ROC++ requires at least one of the following MILP solvers:

• GUROBI
• SCIP
  • Note that SCIP needs at least one LP solver. The supported LP solver interfaces are listed here.
  • If you want to solve a nonlinear MIP porblem, you need to have at least one of the NLP solvers supported by SCIP.
  • The compilation instructions of SCIP are here using CMake and here using Makefiles. For Windows users, Visual Studio is needed for compiling the library. We recommend VS2019 but other versions should also work. Please make sure the Desktop development with C++ is also installed, you can check and install it in the Visual Studio Installer.

Compiling the project

ROCPP project

After installing the solvers, ROCPP can be built using CMake by running the following commands:

mkdir build
cd build

For macOS and Linux users, these should be entered in the command line; for Windows users, in the Visual Studio Developer Command Prompt.

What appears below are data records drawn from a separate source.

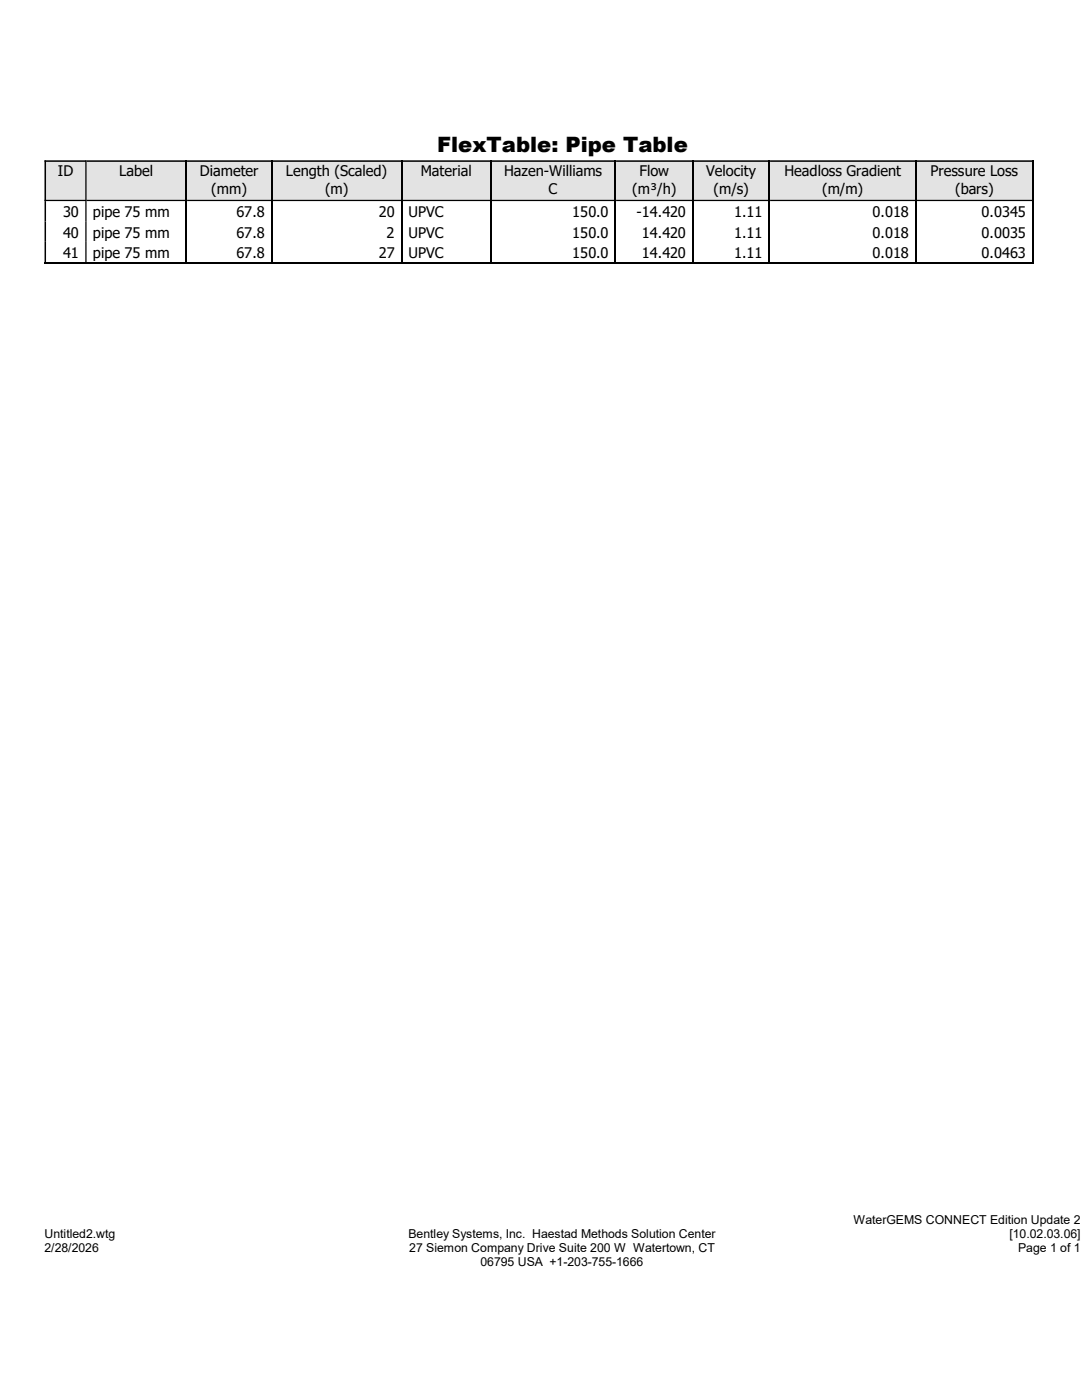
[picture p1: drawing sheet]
<svg xmlns="http://www.w3.org/2000/svg" width="216mm" height="279mm" viewBox="0 0 216 279" stroke-linecap="round" stroke-linejoin="round" font-family="sans-serif">
<defs><g id="words">
<text font-size="4.2" x="87.2" y="30.4">FlexTable: Pipe Table</text>
<g font-size="2.9">
<text x="11.6" y="35.2">ID</text>
<text x="23.8" y="35.2">Label</text>
<text x="39.9" y="35.2">Diameter</text>
<text x="57.1" y="35.2">Length (Scaled)</text>
<text x="83.9" y="35.2">Material</text>
<text x="100.6" y="35.2">Hazen-Williams</text>
<text x="127.6" y="35.2">Flow</text>
<text x="140.9" y="35.2">Velocity</text>
<text x="156.5" y="35.2">Headloss Gradient</text>
<text x="185.7" y="35.2">Pressure Loss</text>
<text x="42.2" y="38.7">(mm)</text>
<text x="64.9" y="38.7">(m)</text>
<text x="109.5" y="38.7">C</text>
<text x="126.2" y="38.7">(m³/h)</text>
<text x="142.4" y="38.7">(m/s)</text>
<text x="164" y="38.7">(m/m)</text>
<text x="190.6" y="38.7">(bars)</text>
<text x="12.6" y="43.3">30</text>
<text x="12.6" y="47.4">40</text>
<text x="18.5" y="43.3">pipe 75 mm</text>
<text x="18.5" y="47.4">pipe 75 mm</text>
<text x="47.2" y="43.3">67.8</text>
<text x="47.2" y="47.4">67.8</text>
<text x="75.6" y="43.3">20</text>
<text x="77.1" y="47.4">2</text>
<text x="81.5" y="43.3">UPVC</text>
<text x="81.5" y="47.4">UPVC</text>
<text x="114.2" y="43.3">150.0</text>
<text x="114.2" y="47.4">150.0</text>
<text x="127" y="43.3">-14.420</text>
<text x="128.1" y="47.4">14.420</text>
<text x="146.5" y="43.3">1.11</text>
<text x="146.5" y="47.4">1.11</text>
<text x="174.1" y="43.3">0.018</text>
<text x="174.1" y="47.4">0.018</text>
<text x="195.9" y="43.3">0.0345</text>
<text x="195.9" y="47.4">0.0035</text>
<text x="12.6" y="51.4">41</text>
<text x="18.5" y="51.4">pipe 75 mm</text>
<text x="47.2" y="51.4">67.8</text>
<text x="75.6" y="51.4">27</text>
<text x="81.5" y="51.4">UPVC</text>
<text x="114.2" y="51.4">150.0</text>
<text x="128.1" y="51.4">14.420</text>
<text x="146.5" y="51.4">1.11</text>
<text x="174.1" y="51.4">0.018</text>
<text x="195.9" y="51.4">0.0463</text>
</g>
<g font-size="2.5">
<text x="170.3" y="244.2">WaterGEMS CONNECT Edition Update 2</text>
<text x="8.9" y="249.9">2/28/2026</text>
<text x="8.9" y="247.1">Untitled2.wtg</text>
<text x="81.5" y="247.1">Bentley Systems, Inc. Haestad Methods Solution Center</text>
<text x="81.7" y="249.9">27 Siemon Company Drive Suite 200 W Watertown, CT</text>
<text x="201.4" y="247.1">[10.02.03.06]</text>
<text x="203.2" y="249.9">Page 1 of 1</text>
<text x="95.9" y="252.7">06795 USA +1-203-755-1666</text>
</g>
</g></defs>
<path d="M182.9 32h23.3v8.1h-23.3z" fill="#e3e3e3"/>
<path d="M206.1 32v8.1" fill="none" stroke="#000" stroke-width=".25"/>
<path d="M182.9 32h23.3v.3h-23.3zM182.9 39.9h23.3v.2h-23.3z" fill-rule="evenodd" fill="#000"/>
<path d="M153.7 32h29.2v8.1h-29.2z" fill="#e3e3e3"/>
<path d="M182.8 32v8.1" fill="none" stroke="#000" stroke-width=".25"/>
<path d="M153.7 32h29.2v.3h-29.2zM153.7 39.9h29.2v.2h-29.2z" fill-rule="evenodd" fill="#000"/>
<path d="M138.4 32h15.3v8.1h-15.3z" fill="#e3e3e3"/>
<path d="M153.5 32v8.1" fill="none" stroke="#000" stroke-width=".25"/>
<path d="M138.4 32h15.3v.3h-15.3zM138.4 39.9h15.3v.2h-15.3z" fill-rule="evenodd" fill="#000"/>
<path d="M122.9 32h15.5v8.1h-15.5z" fill="#e3e3e3"/>
<path d="M138.3 32v8.1" fill="none" stroke="#000" stroke-width=".25"/>
<path d="M122.9 32h15.5v.3h-15.5zM122.9 39.9h15.5v.2h-15.5z" fill-rule="evenodd" fill="#000"/>
<path d="M98 32h24.9v8.1h-24.9z" fill="#e3e3e3"/>
<path d="M122.8 32v8.1" fill="none" stroke="#000" stroke-width=".25"/>
<path d="M98 32h24.9v.3h-24.9zM98 39.9h24.9v.2h-24.9z" fill-rule="evenodd" fill="#000"/>
<path d="M80.3 32h17.7v8.1h-17.7z" fill="#e3e3e3"/>
<path d="M97.9 32v8.1" fill="none" stroke="#000" stroke-width=".25"/>
<path d="M80.3 32h17.7v.3h-17.7zM80.3 39.9h17.7v.2h-17.7z" fill-rule="evenodd" fill="#000"/>
<path d="M54.4 32h25.9v8.1h-25.9z" fill="#e3e3e3"/>
<path d="M80.1 32v8.1" fill="none" stroke="#000" stroke-width=".25"/>
<path d="M54.4 32h25.9v.3h-25.9zM54.4 39.9h25.9v.2h-25.9z" fill-rule="evenodd" fill="#000"/>
<path d="M37.3 32h17.1v8.1h-17.1z" fill="#e3e3e3"/>
<path d="M54.2 32v8.1" fill="none" stroke="#000" stroke-width=".25"/>
<path d="M37.3 32h17.1v.3h-17.1zM37.3 39.9h17.1v.2h-17.1z" fill-rule="evenodd" fill="#000"/>
<path d="M17.3 32h20v8.1h-20z" fill="#e3e3e3"/>
<path d="M37.2 32v8.1" fill="none" stroke="#000" stroke-width=".25"/>
<path d="M17.3 32h20v.3h-20zM17.3 39.9h20v.2h-20z" fill-rule="evenodd" fill="#000"/>
<path d="M8.9 32h8.4v8.1h-8.4z" fill="#e3e3e3"/>
<g fill="#000">
<path d="M8.9 32h.3v8.1h-.3zM17 32h.3v8.1h-.3z" fill-rule="evenodd"/>
<path d="M8.9 32h8.4v.3h-8.4zM8.9 39.9h8.4v.2h-8.4z" fill-rule="evenodd"/>
<path d="M8.9 40.1h.3v4.1h-.3zM17 40.1h.3v4.1h-.3z" fill-rule="evenodd"/>
<path d="M8.9 44.2h.3v4.1h-.3zM17 44.2h.3v4.1h-.3z" fill-rule="evenodd"/>
<path d="M8.9 48.3h.3v4.3h-.3zM17 48.3h.3v4.3h-.3z" fill-rule="evenodd"/>
</g>
<path d="M8.9 52.5h197.3M37.2 40.1v12.5M54.2 40.1v12.5M80.1 40.1v12.5M97.9 40.1v12.5M122.8 40.1v12.5M138.3 40.1v12.5M153.5 40.1v12.5M182.8 40.1v12.5M206.1 40.1v12.5" fill="none" stroke="#000" stroke-width=".25"/>
<use href="#words"/>
</svg>

The next command is used to build a project by specifying which example to run and which solver to use. If you choose GUROBI as the solver, you need to specify the path to gurobi in GUROBI_DIR:

# use the following line to choose SCIP as the solver
cmake -DEXAMPLE=EXAMPLE_NAME -DSOLVER=SCIP ..
# or use the follwoing line to choose Gurobi as the solver and also specify the path to Gurobi
cmake -DEXAMPLE=EXAMPLE_NAME -DGUROBI_DIR=/path/to/gurobi ..

The following table lists detailed information on CMake options:

CMake Options	Available Values	Description
EXAMPLE	BB, RSFC, PB	Name of the example to run from the folder scripts/examples_cpp; it can also be the name of user created .cpp files
SOLVER	GUROBI, SCIP	Name of the solver to use; GUROBI by default
GUROBI_DIR	-	Path to the folder which contains the Gurobi lib and include folders

Example:

cmake -DEXAMPLE=BB -DGUROBI_DIR=/Library/gurobi902/mac64 ..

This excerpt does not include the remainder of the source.